● **WHAT IS NEEDED**:
Copy down every line of the data that follows exactly. Omit the pictures.

● **DATA FOR THIS TASK**:

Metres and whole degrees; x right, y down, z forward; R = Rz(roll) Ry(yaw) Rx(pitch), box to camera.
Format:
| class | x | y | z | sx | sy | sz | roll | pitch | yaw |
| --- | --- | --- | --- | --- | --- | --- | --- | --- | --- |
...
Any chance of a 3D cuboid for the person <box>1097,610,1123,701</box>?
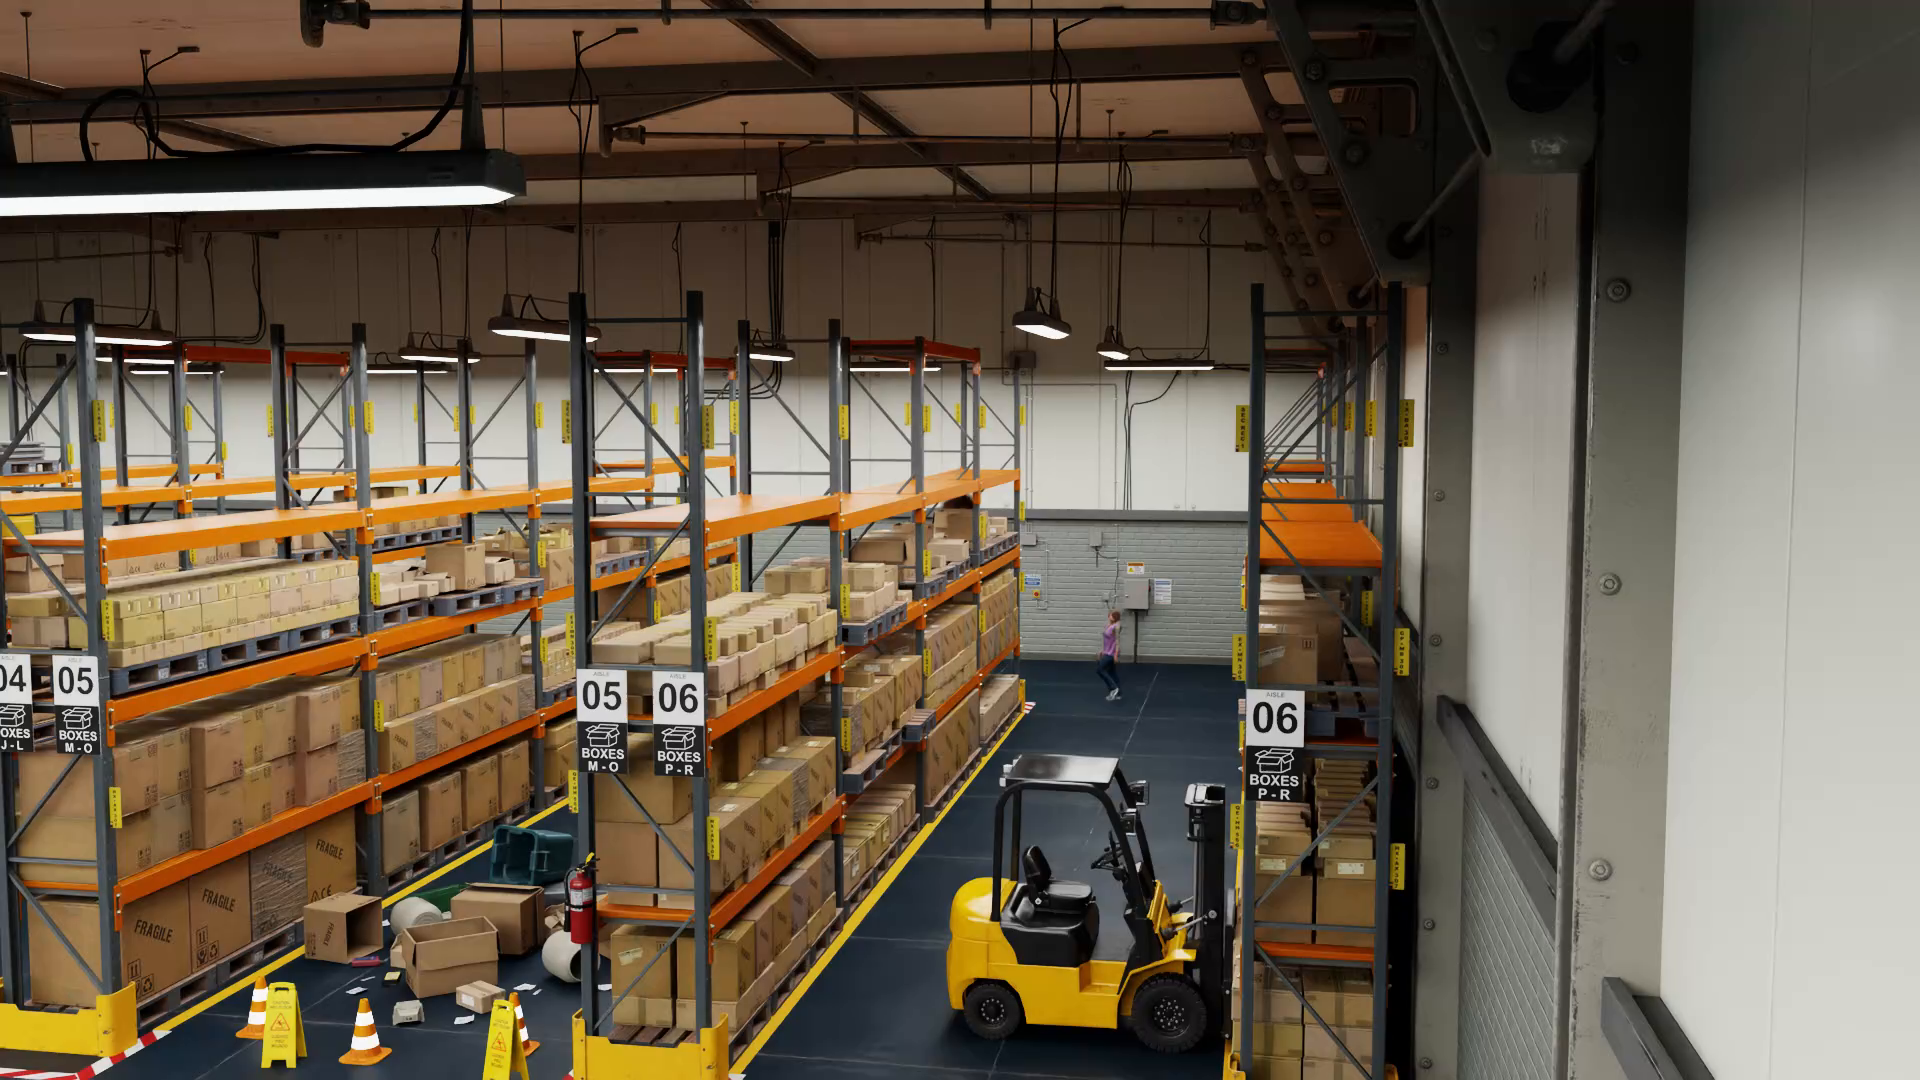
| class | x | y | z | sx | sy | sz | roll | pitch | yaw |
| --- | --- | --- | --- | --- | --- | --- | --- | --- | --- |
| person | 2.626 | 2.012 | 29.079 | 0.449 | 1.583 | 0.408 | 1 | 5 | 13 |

● **RESPONSE BOX**:
Metres and whole degrees; x right, y down, z forward; R = Rz(roll) Ry(yaw) Rx(pitch), box to camera.
Format:
| class | x | y | z | sx | sy | sz | roll | pitch | yaw |
| --- | --- | --- | --- | --- | --- | --- | --- | --- | --- |
...
Any chance of a 3D cuboid for the person <box>1097,610,1123,701</box>?
| class | x | y | z | sx | sy | sz | roll | pitch | yaw |
| --- | --- | --- | --- | --- | --- | --- | --- | --- | --- |
| person | 2.626 | 2.012 | 29.079 | 0.449 | 1.583 | 0.408 | 1 | 5 | 13 |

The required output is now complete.